Real-Time Multi-Shot Long Video Generation: Introducing ShotStream (ECCV 2026)
ShotStream tackles the high latency and zero‑interaction problems of multi‑shot long video generation by proposing a streaming architecture with a dual‑cache memory, discontinuous RoPE, and a two‑stage self‑forcing distillation, achieving over 25× speedup to 16 FPS on a single H200 GPU and outperforming existing bidirectional and autoregressive models.
Generating a few seconds of a single video shot is now routine, but extending generation to multi‑shot long videos traditionally suffers from extreme latency and a lack of interactivity: users must feed hundreds of script lines to a large model, wait half an hour, and restart the whole process if any shot fails.
To break this bottleneck, researchers from The Chinese University of Hong Kong and Kuaishou Keling jointly present ShotStream, the first real‑time streaming framework for multi‑shot long video generation. ShotStream reframes multi‑shot synthesis as a next‑shot prediction task conditioned on historical context, allowing users to steer the narrative at runtime with dynamic streaming prompts. The model runs at 16 FPS on a single H200 GPU, a >25× inference speed improvement over prior bidirectional models.
Key Innovations
Streaming multi‑shot architecture: Enables dynamic adjustment of story direction during generation, overcoming the static, bidirectional pipelines of earlier work.
Dual‑cache memory mechanism: A Global Cache stores sparse condition frames to maintain cross‑shot consistency, while a Local Cache holds freshly generated frames for intra‑shot smoothness. To avoid temporal ambiguity when both caches are accessed, the authors modify the original rotary position encoding (RoPE) with a discontinuous phase shift at shot boundaries, cleanly separating global and local contexts without adding extra modules.
Two‑stage Self‑Forcing distillation: Stage 1 trains a bidirectional teacher model to predict the next shot using ground‑truth history. Stage 2 distills this teacher into a causal student model that uses its own generated history as condition, aligning training and inference distributions and mitigating error accumulation across shots.
Algorithm Details
Stage 1 – Bidirectional next‑shot teacher: The bidirectional video model is fine‑tuned to predict the subsequent shot from historical frames. To prevent memory explosion from hundreds of frames, a dynamic sampling strategy extracts sparse context frames, which are then concatenated with target noise and fed into a DiT model.
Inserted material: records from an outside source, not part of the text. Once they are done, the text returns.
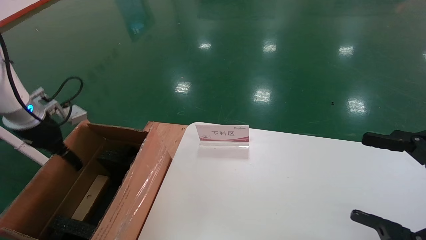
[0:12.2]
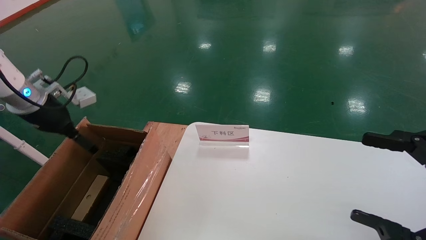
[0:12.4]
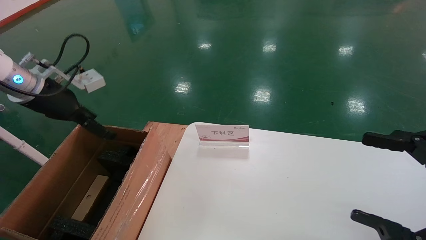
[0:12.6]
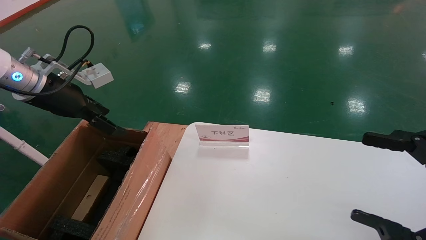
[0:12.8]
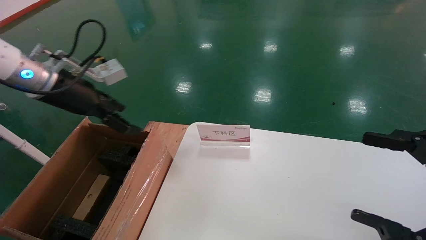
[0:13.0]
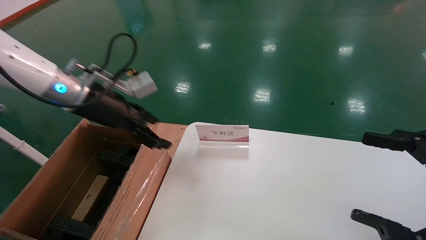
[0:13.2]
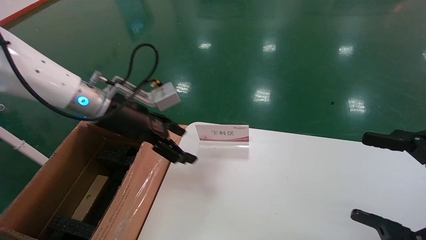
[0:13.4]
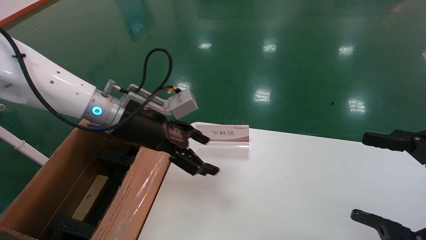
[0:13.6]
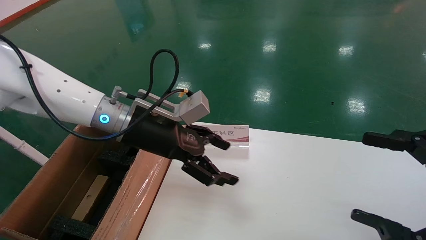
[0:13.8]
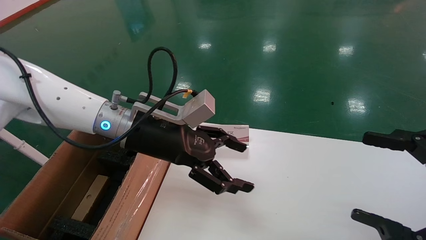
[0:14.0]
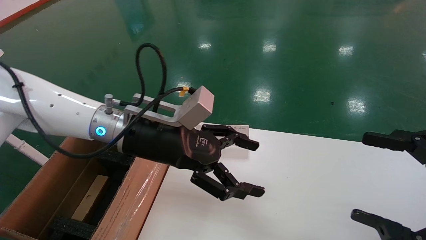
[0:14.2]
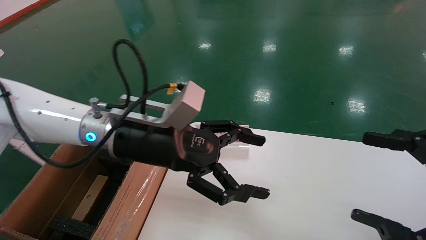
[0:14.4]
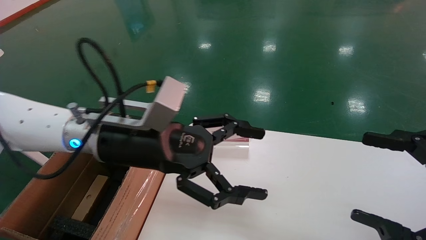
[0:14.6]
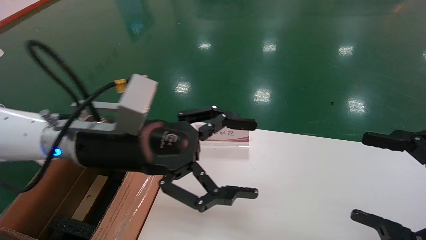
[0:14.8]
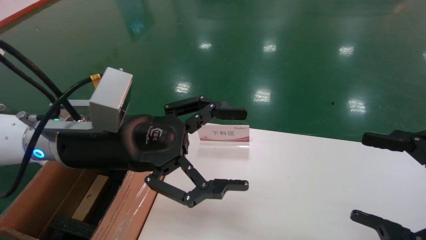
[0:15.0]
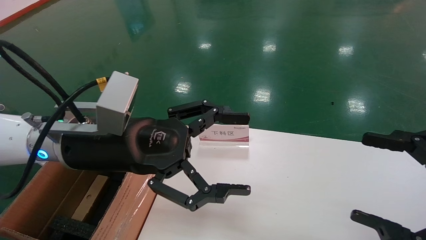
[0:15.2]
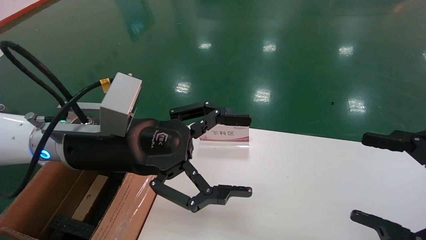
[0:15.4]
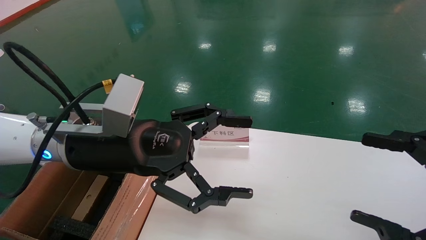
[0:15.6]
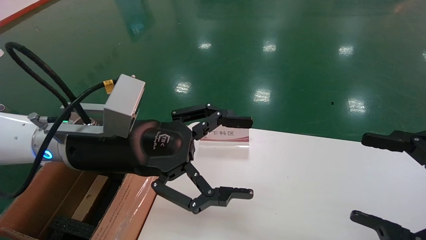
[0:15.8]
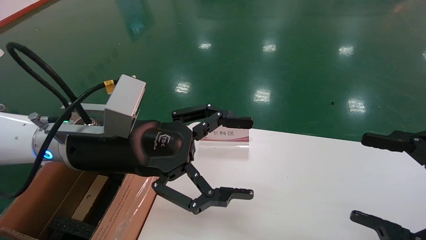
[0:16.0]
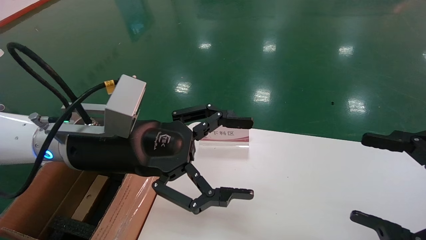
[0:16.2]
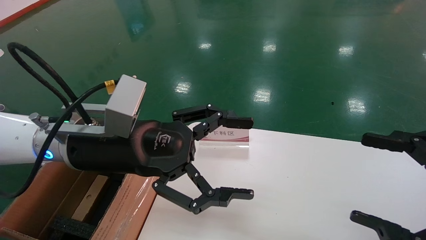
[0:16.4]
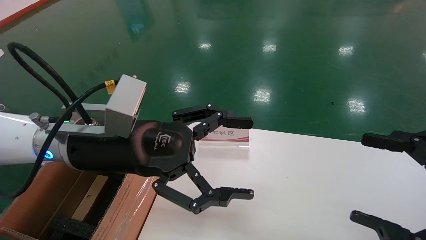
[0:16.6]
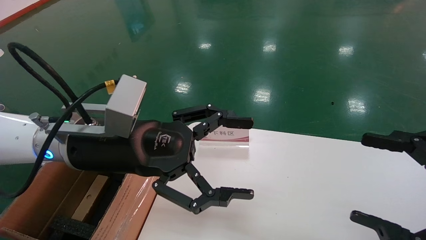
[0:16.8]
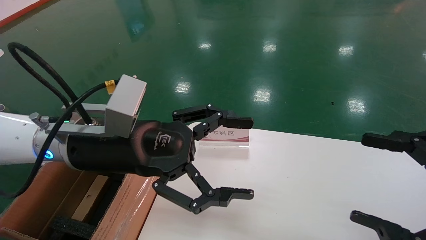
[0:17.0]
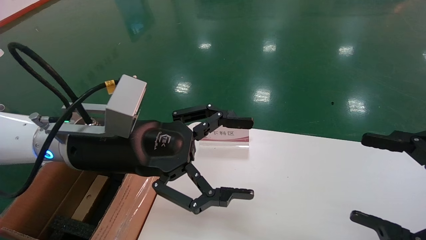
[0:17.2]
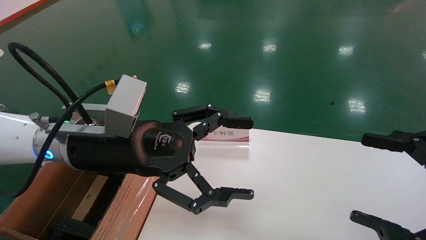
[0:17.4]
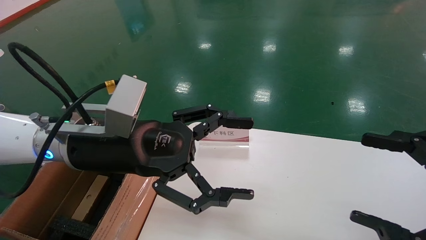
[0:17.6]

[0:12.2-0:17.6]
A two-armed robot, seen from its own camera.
Task of the whole recording: pick up the small cardboard box and load it into the large cardboard box.
0:12.2 to 0:13.6: The left gripper goes about 25 cm to the right.
0:13.6 to 0:15.0: The left gripper heads backward, covering roughly 10 cm.
0:15.0 to 0:17.6: The two grippers keep their place.

Stage 2 – Causal model distillation: Using distribution‑matching distillation (DMD), the teacher is distilled into a causal student that requires only four denoising steps, delivering >25× speedup and real‑time 16 FPS generation.
Dual‑cache and discontinuous RoPE: The Global Cache ensures cross‑shot consistency, while the Local Cache preserves intra‑shot flow. Discontinuous RoPE applies a discrete phase offset at each shot boundary, explicitly decoupling time‑dimension encodings for the two caches and stabilizing the distillation process.
Self‑Forcing training: In the first phase, the model learns next‑shot generation with true ground‑truth history. In the second phase, it trains on its own generated history, forcing the model to correct its imperfections and substantially improving visual stability and coherence across long videos.
Experimental Results
ShotStream outperforms or matches existing bidirectional models (Mask2DiT, CineTrans) and autoregressive models (LongLive) on core metrics such as cross‑shot consistency, shot transition control, and text‑alignment, while delivering real‑time 16 FPS generation.
Conclusion
As the first multi‑shot long video generation model, ShotStream demonstrates that a dual‑cache memory, discontinuous RoPE, and two‑stage self‑forcing distillation can achieve real‑time, interactive storytelling with high visual quality. The open‑source release of its code, models, and training data provides a strong foundation for future AIGC video research.